Pose Trainer: Correcting Exercise Posture using Pose Estimation

We now describe the Pose Trainer application from a technical perspective as a pipeline system, consisting of multiple system stages (see Figure 1). Pose training starts from the user recording a video of an exercise, and ends with the Pose Trainer application providing specific feedback on the exercise form to the user.

First, the user records a video of themselves performing a selected exercise. The video is recorded from a particular perspective (facing the camera, side to the camera, etc) that allows the exercise to be seen. However, there are no requirements on camera type or distance from camera: the user only needs to make sure that their body is visible. Then, the user trims the video such that it includes only the frames of the exercise.

We leave video recording and cropping to the user, so that they can use whatever video recording and editing system they are most comfortable with. All modern computers and smartphones include easy-to-use video recording and cropping software, and since Pose Trainer supports all common video formats, any software can be used.

For pose estimation, we use deep convolutional neural networks (CNNs) to label RGB images.
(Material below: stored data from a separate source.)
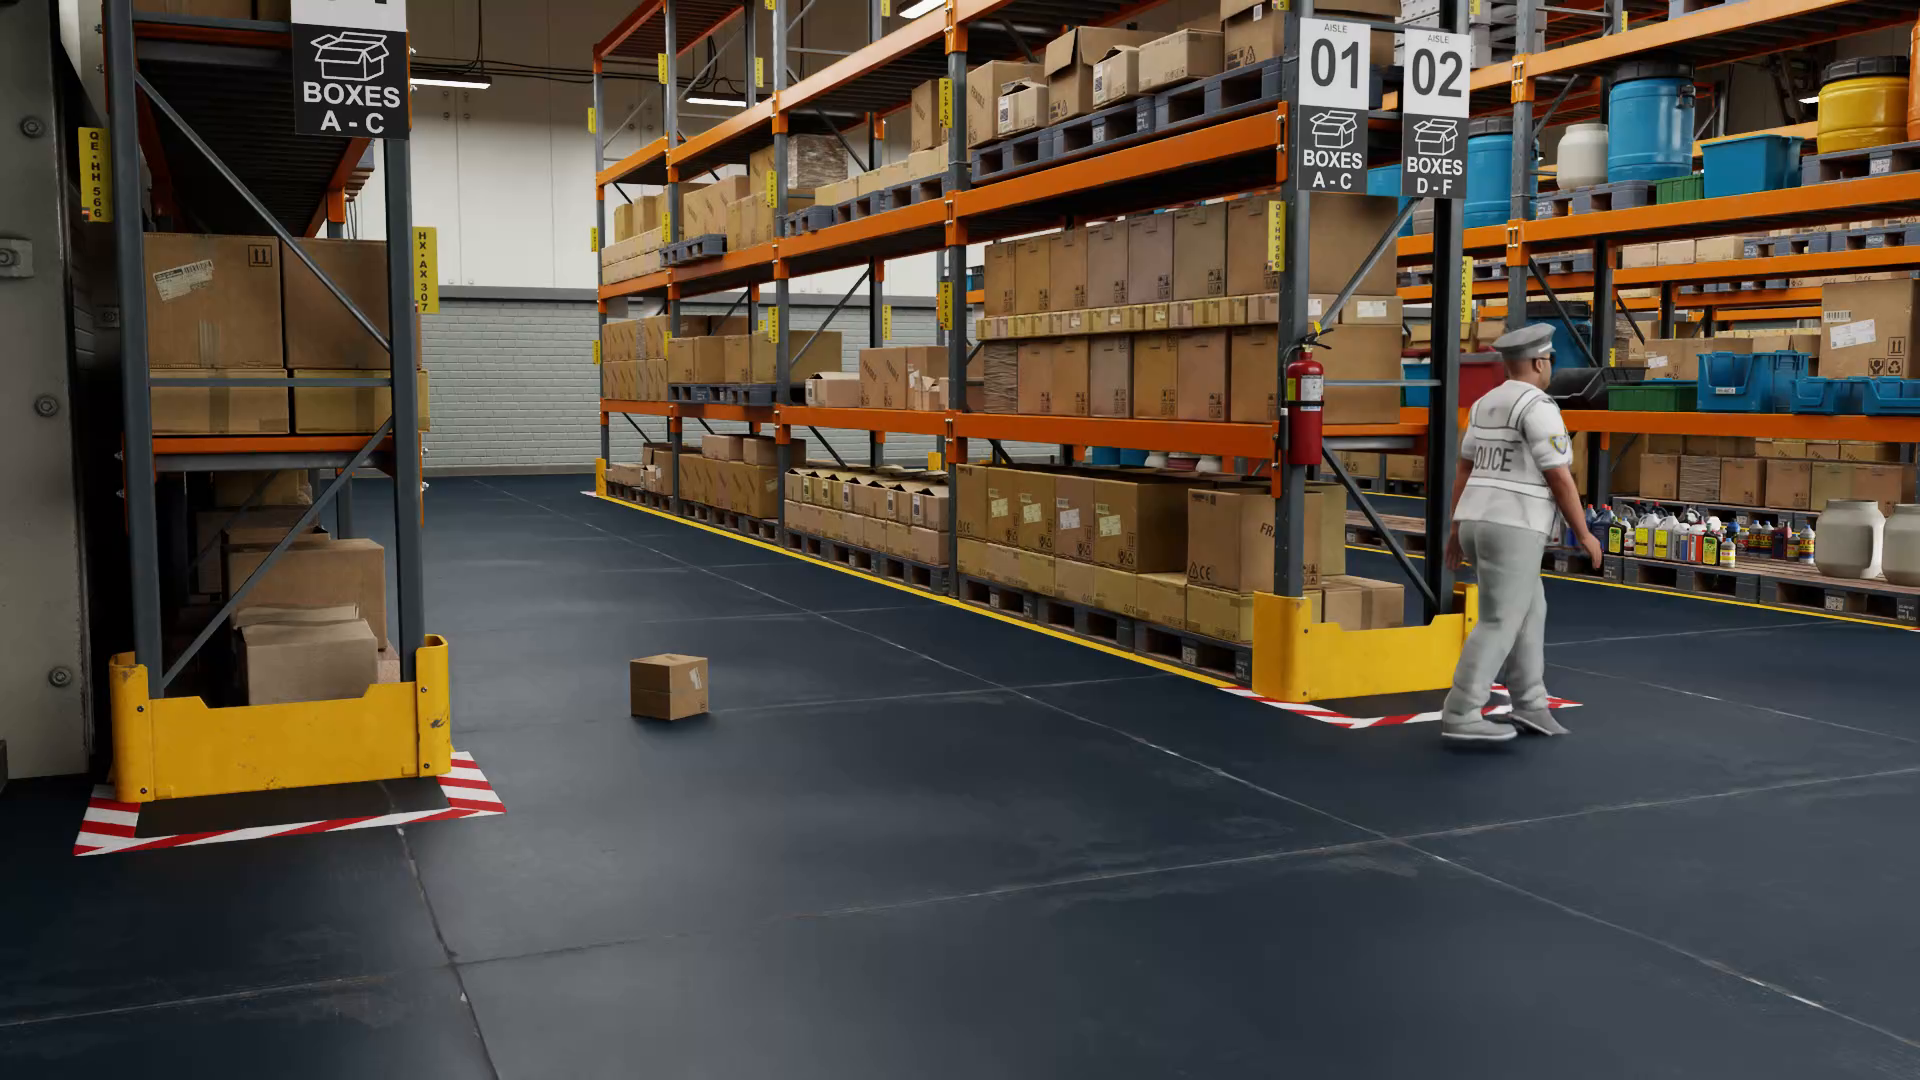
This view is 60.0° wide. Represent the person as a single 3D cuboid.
[{"bbox_3d":[2.329,0.001,6.975,0.740,1.806,0.574,-1,5,-11],"label":"person"}]
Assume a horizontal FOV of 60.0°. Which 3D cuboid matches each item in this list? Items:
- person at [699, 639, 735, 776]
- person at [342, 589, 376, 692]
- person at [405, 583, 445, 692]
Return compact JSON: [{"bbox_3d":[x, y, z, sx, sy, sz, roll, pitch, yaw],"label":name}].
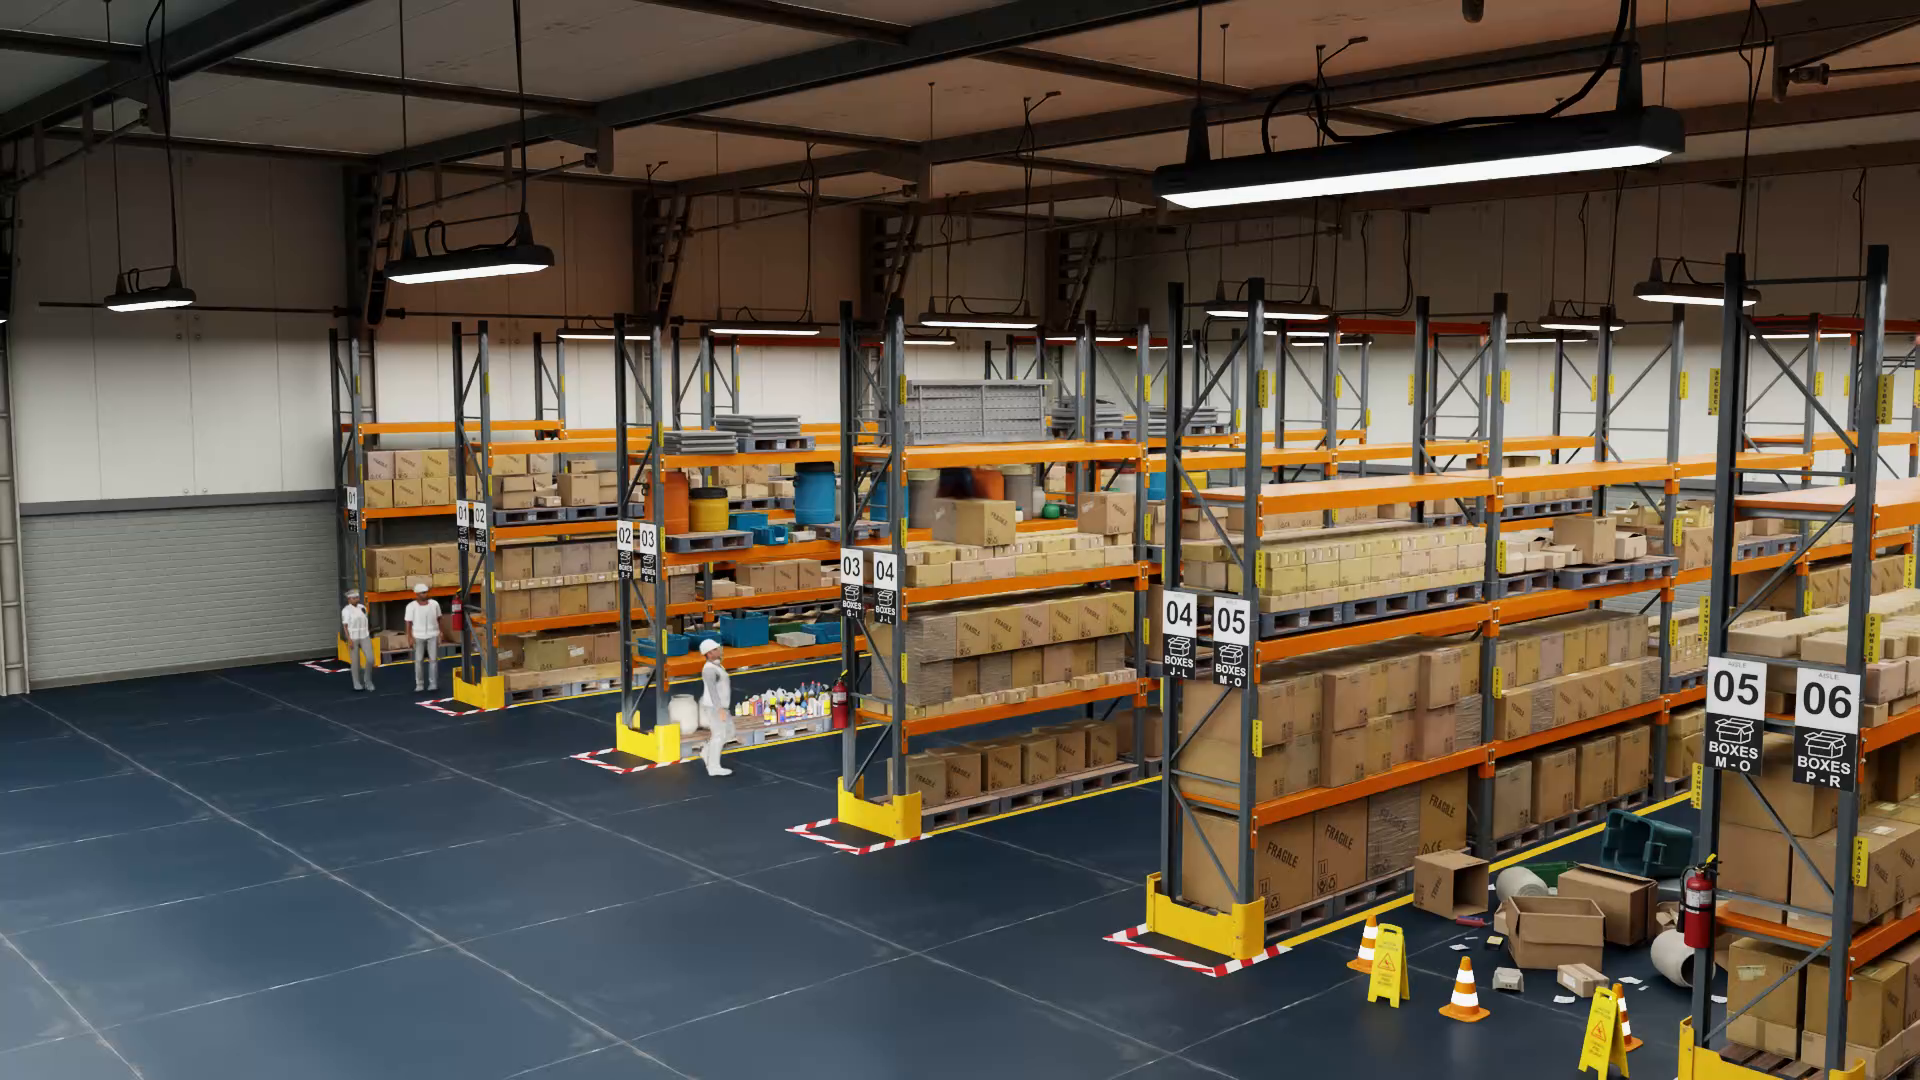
[{"bbox_3d":[-3.141,2.151,21.504,0.473,1.759,0.588,-1,6,-10],"label":"person"},{"bbox_3d":[-9.837,1.646,27.165,0.463,1.707,0.495,-4,7,-32],"label":"person"},{"bbox_3d":[-8.771,1.590,27.282,0.614,1.779,0.375,-2,6,-18],"label":"person"}]
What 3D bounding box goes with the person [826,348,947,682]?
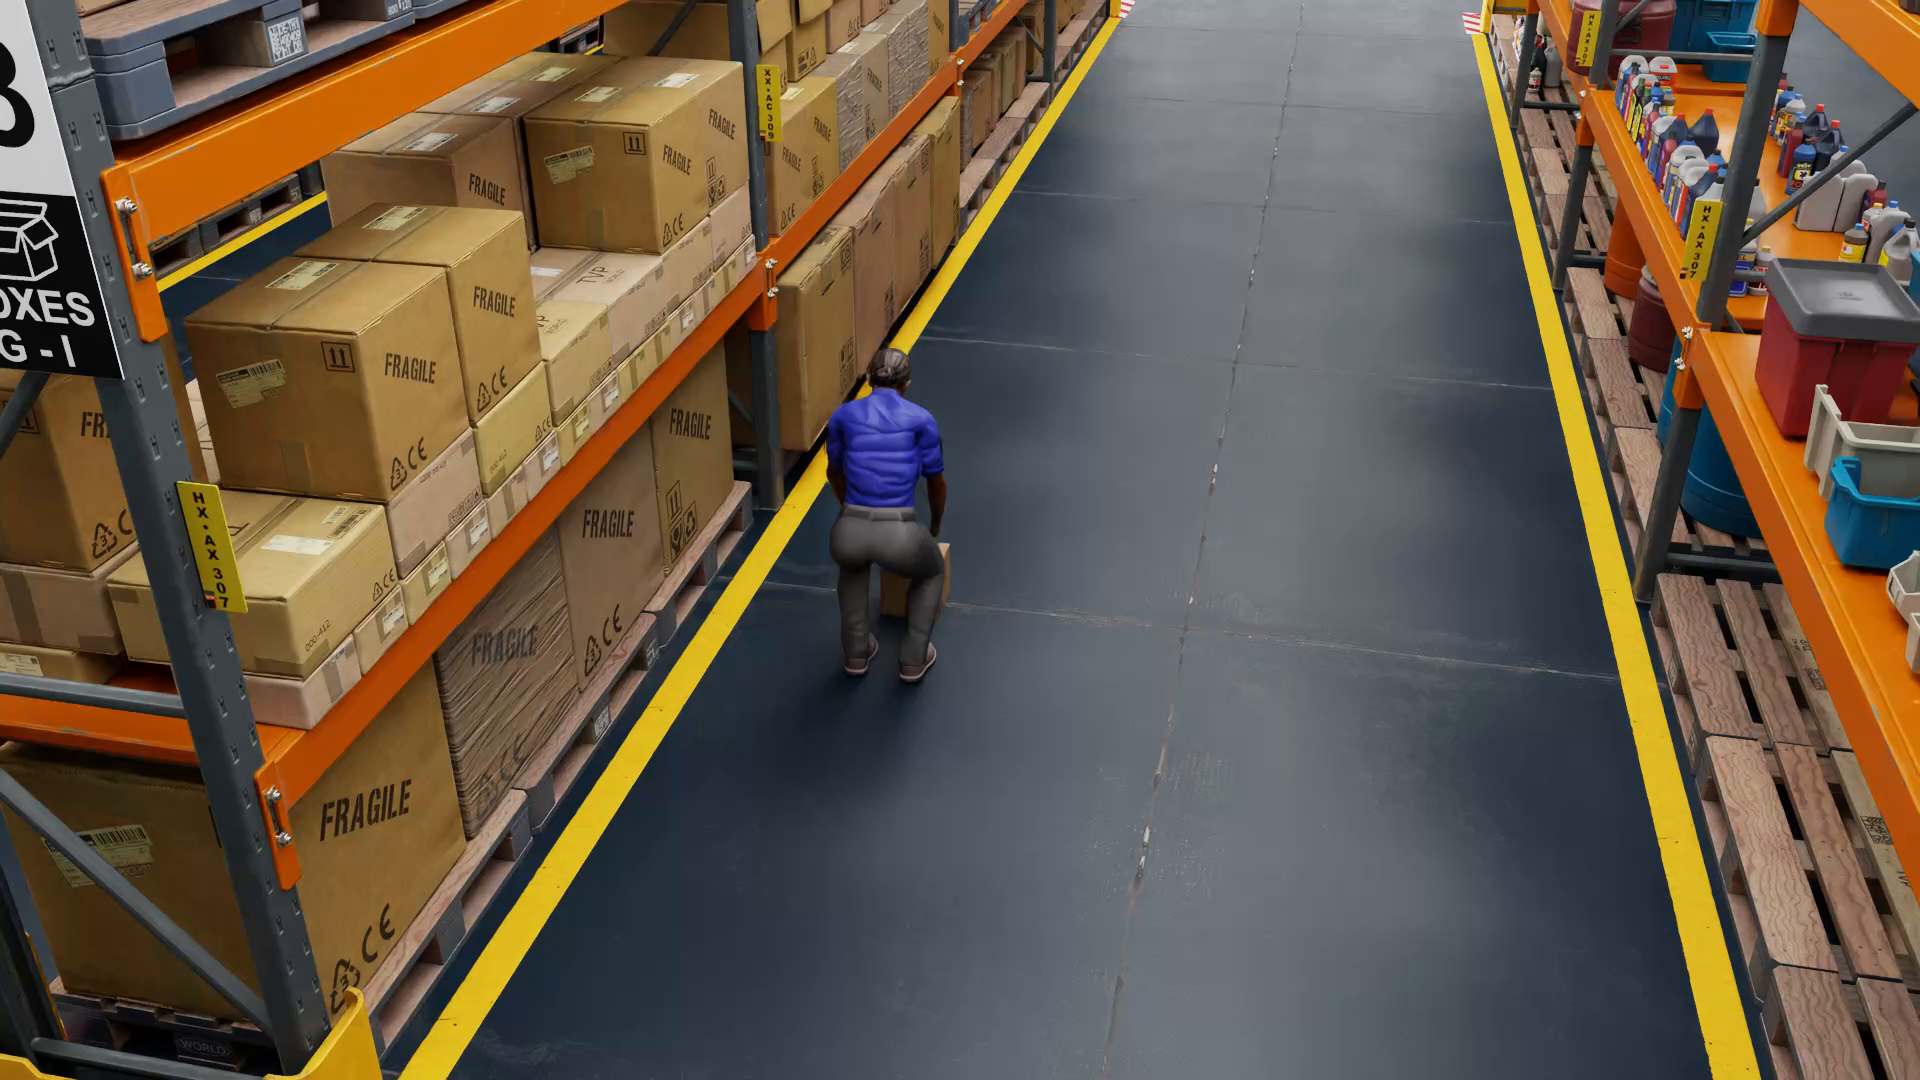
[{"bbox_3d":[-0.321,-0.072,6.667,0.497,1.274,0.684,6,30,11],"label":"person"}]
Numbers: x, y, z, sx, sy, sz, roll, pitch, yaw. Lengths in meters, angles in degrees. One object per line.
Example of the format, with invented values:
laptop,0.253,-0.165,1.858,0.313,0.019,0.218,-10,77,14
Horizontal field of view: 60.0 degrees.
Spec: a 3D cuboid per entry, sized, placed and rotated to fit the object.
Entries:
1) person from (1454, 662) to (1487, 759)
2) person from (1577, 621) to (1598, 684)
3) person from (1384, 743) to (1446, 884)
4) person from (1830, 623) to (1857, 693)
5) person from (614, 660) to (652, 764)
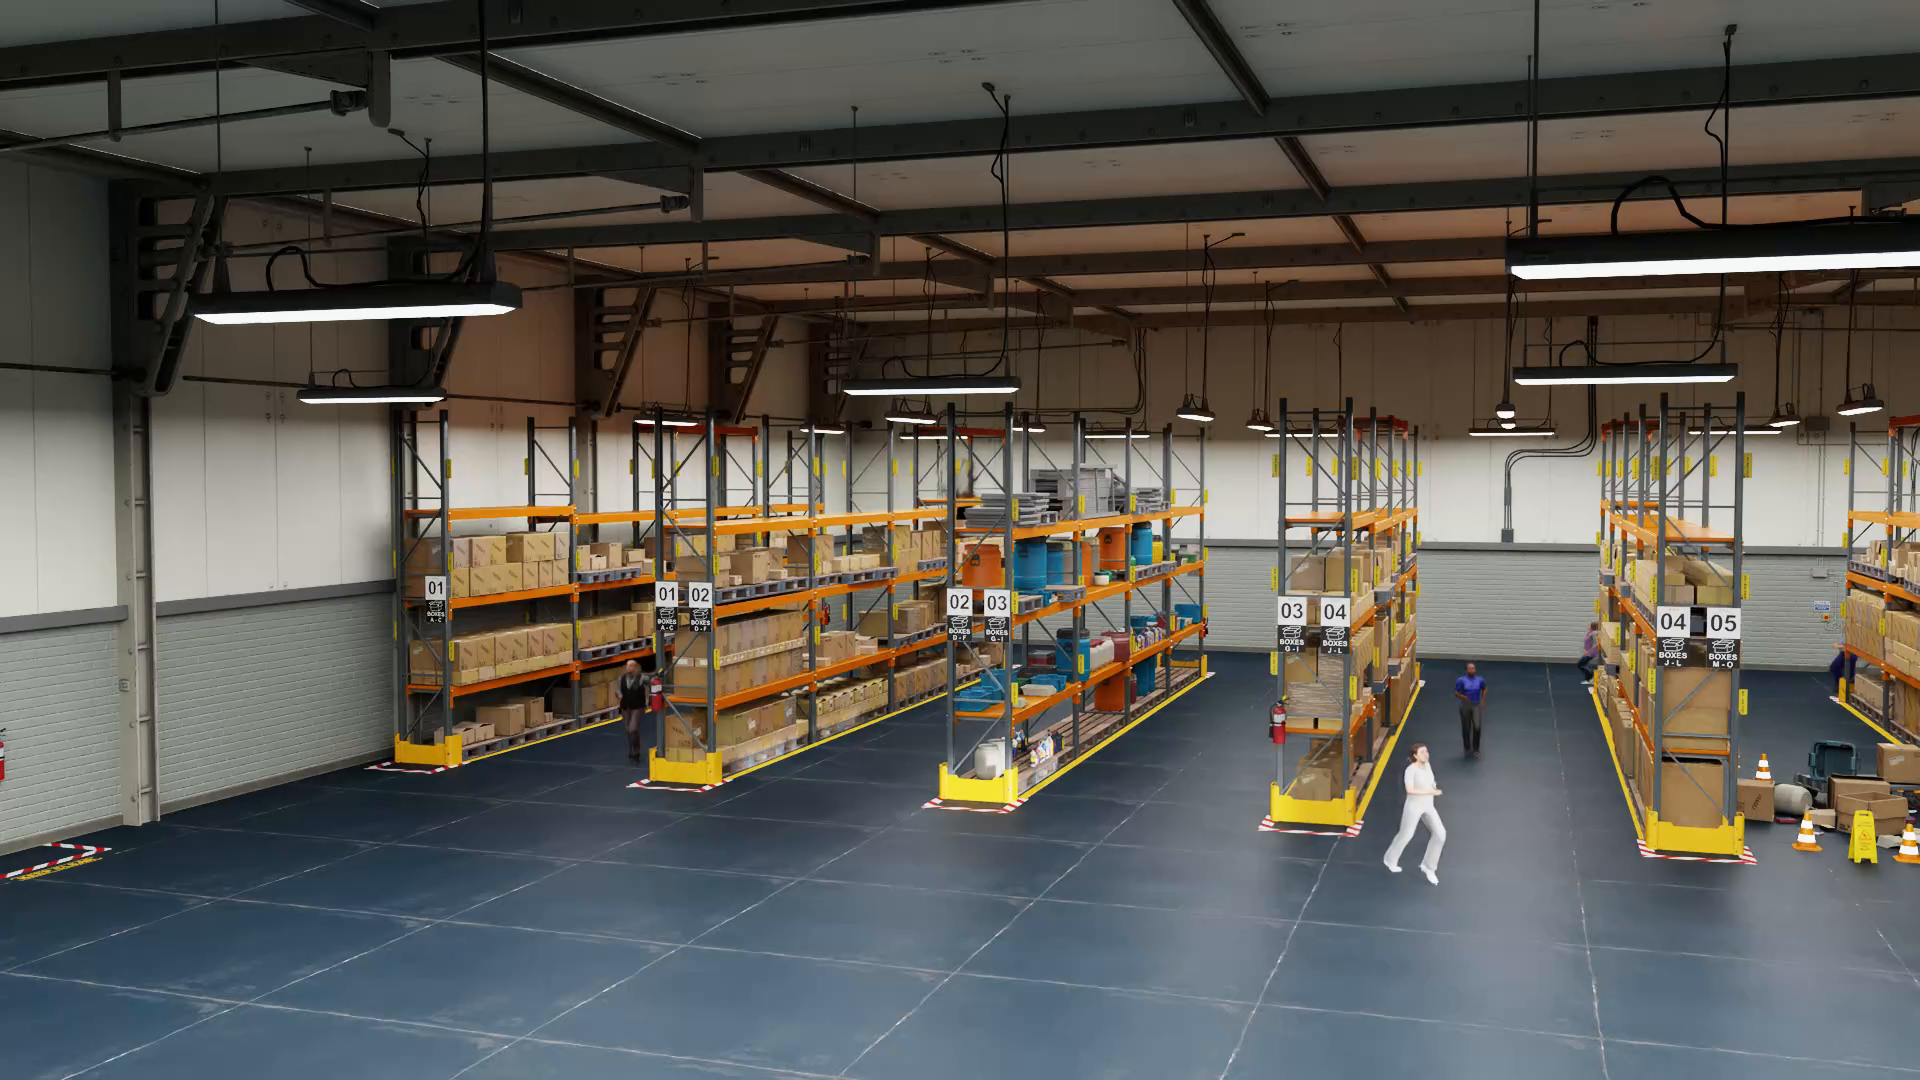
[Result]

After experimentation with multiple state-of-the-art pose estimators, we choose to use the pre-trained model, OpenPose, for pose detection. OpenPose introduces a novel approach to pose estimation using part affinity fields, which are vectors that encode the position and orientation of limbs. The model is composed of a multi-stage CNN with two branches, one to learn the confidence mapping of a keypoint on an image, and the other to learn the part affinity fields  [3]. OpenPose is both accurate and efficient, while also scalable to multiple people without scaling up the run-time.

Another important factor in our choice of OpenPose is its ease of installation and use for our end-users. Most pose estimators are currently released as Tensorflow or Caffe source code, containing the model architecture, and require challenging user installations and downloading of weights to be usable. In addition, GPU libraries such as CUDA and CuDNN need to be installed for these estimators to run properly. This is far beyond the reach of most average computer users. In contrast, OpenPose is released in Windows and Linux executable format, which means that no installation or knowledge of programming is required at all to use it. In addition, no external installation of GPU libraries are required: OpenPose will automatically use the NVIDIA GPU inside the computer, if present. This means that in order to use our application, Pose Trainer, a user only needs to download OpenPose and install Anaconda to get up and running.

OpenPose output consists of lists containing the coordinate predictions of all keypoint locations, and their corresponding prediction confidence. We consider the predictions of 18 keypoints of the pose, which include the nose, neck, shoulders, elbows, wrists, hips, knees, and ankles.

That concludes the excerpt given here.